Dalam jangka pendek perlu ditunjukkan bahwa nakhoda dan mualim perekonomian Indonesia berkoordinasi dengan baik. Menko Perekonomian, Menko Maritim, Menteri Keuangan, Gubernur BI dan Ketua OJK perlu sinkronisasikan langkah dan sampaikan secara bersama respon komprehensif mereka dalam hadapi badaiperekonomian ini.

Rencana yang kredibel perlu meliputi penguatan pelampung bahtera yaitu konsumsi rumah tangga yang merupakan 55 % dari perekonomian dengan stimulus fiskal/pajak dan moneter serta jaga inflasi sembako.Capital inflow dari eksportir perlu dipastikan langsung dibawa masuk ke Indonesia dan tidak lama parkir diluar negeri sambil tenangkan investor asing yang masih bertahan. Waktunya juga untuk mengaktifkan Chiang Mai Initiative yang memiliki cadangan dana USD 240 miliar untuk stabilisasi nilai mata uang negara di Asia.

Pada jangka menangah, Indonesia perlu melakukan diversifikasi ekspor dan pendalaman industrialisasi sehingga tidak bergantung pada komoditas primer yang harga-nya cenderung turun ketika terjadi pelemahan ekonomi global.
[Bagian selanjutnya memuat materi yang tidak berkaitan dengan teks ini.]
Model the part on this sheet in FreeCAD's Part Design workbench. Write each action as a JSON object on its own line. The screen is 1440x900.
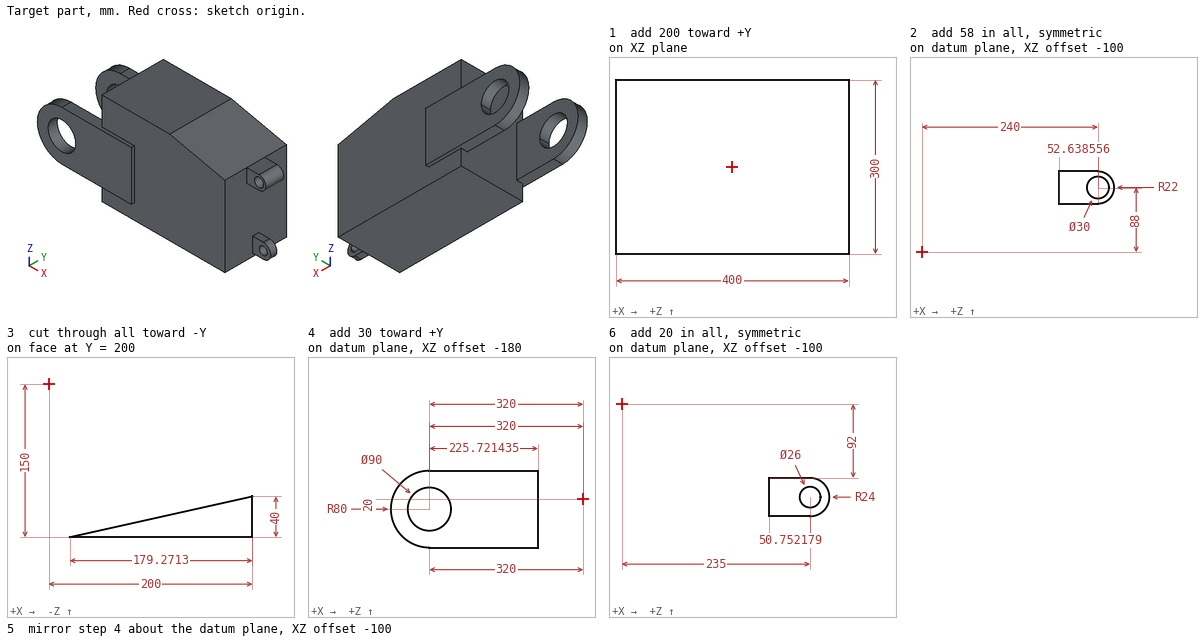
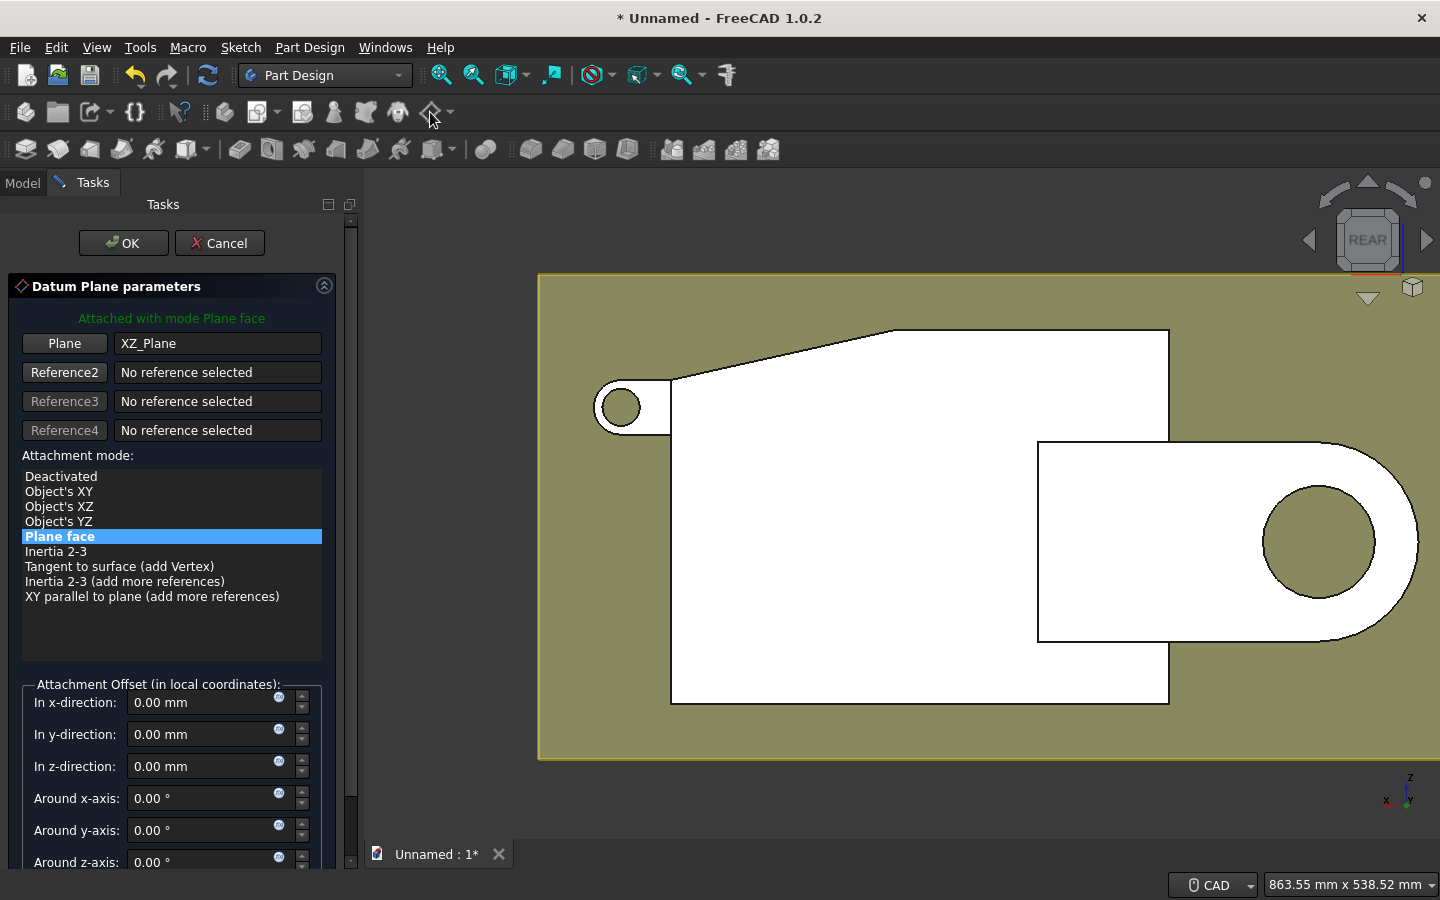
{"action": "triple_click", "coordinate": [210, 766]}
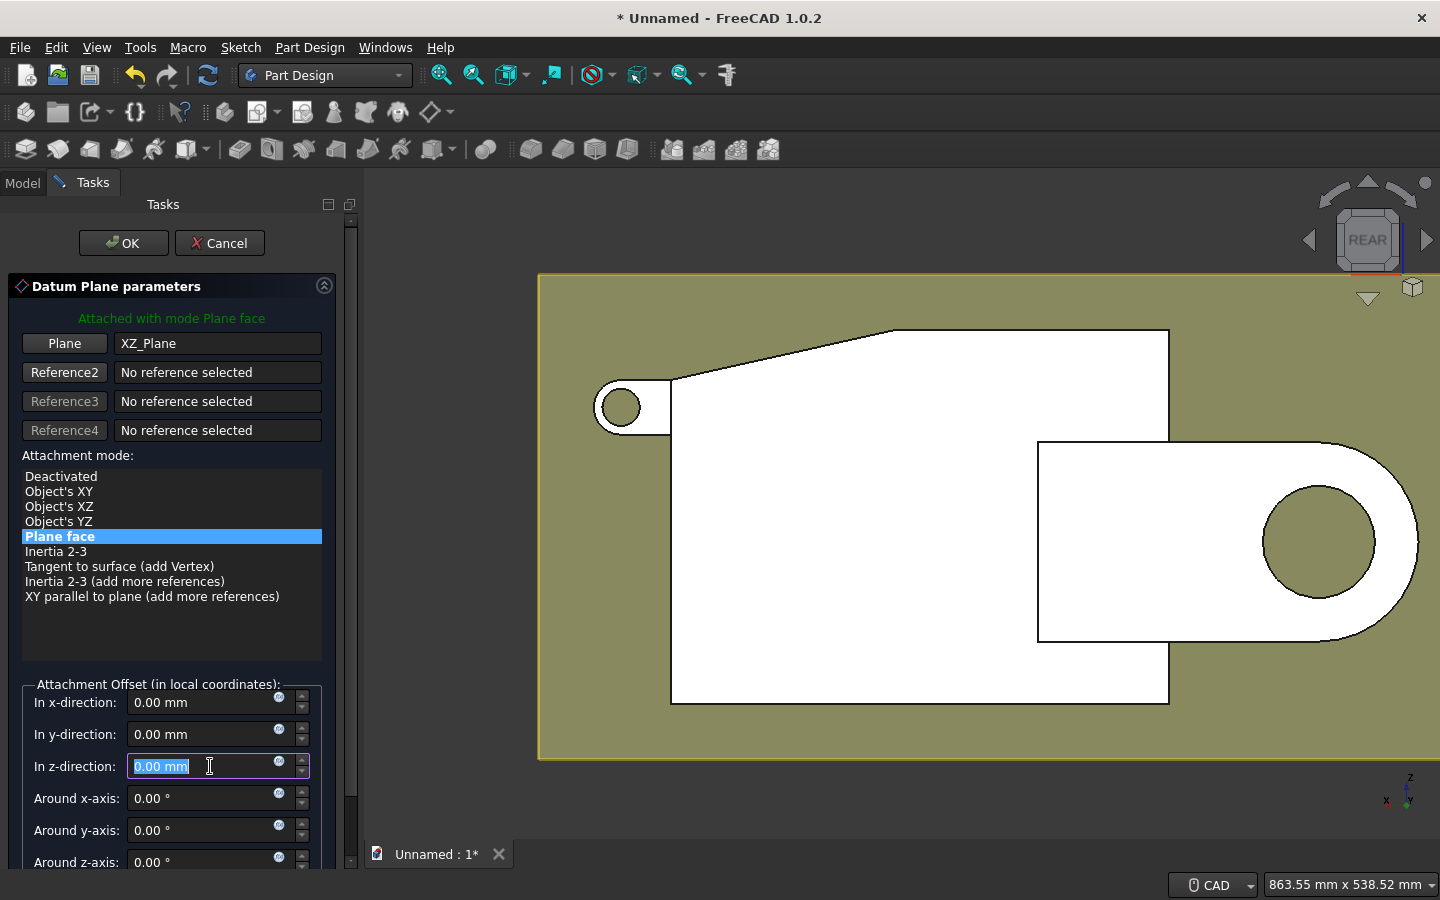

UU Lalu Lintas Devisa juga perlu di amandemen sehingga memungkinkan pembatasan untuk kurangi kerentanan terhadap capital flight.

Rahm Emanuel, Mantan Kepala Staf Presiden Obama pernah berkata, “Never let a serious crisis go to waste”. Gunakan krisis ini untuk transformasi dan perkuat ekonomi Indonesia.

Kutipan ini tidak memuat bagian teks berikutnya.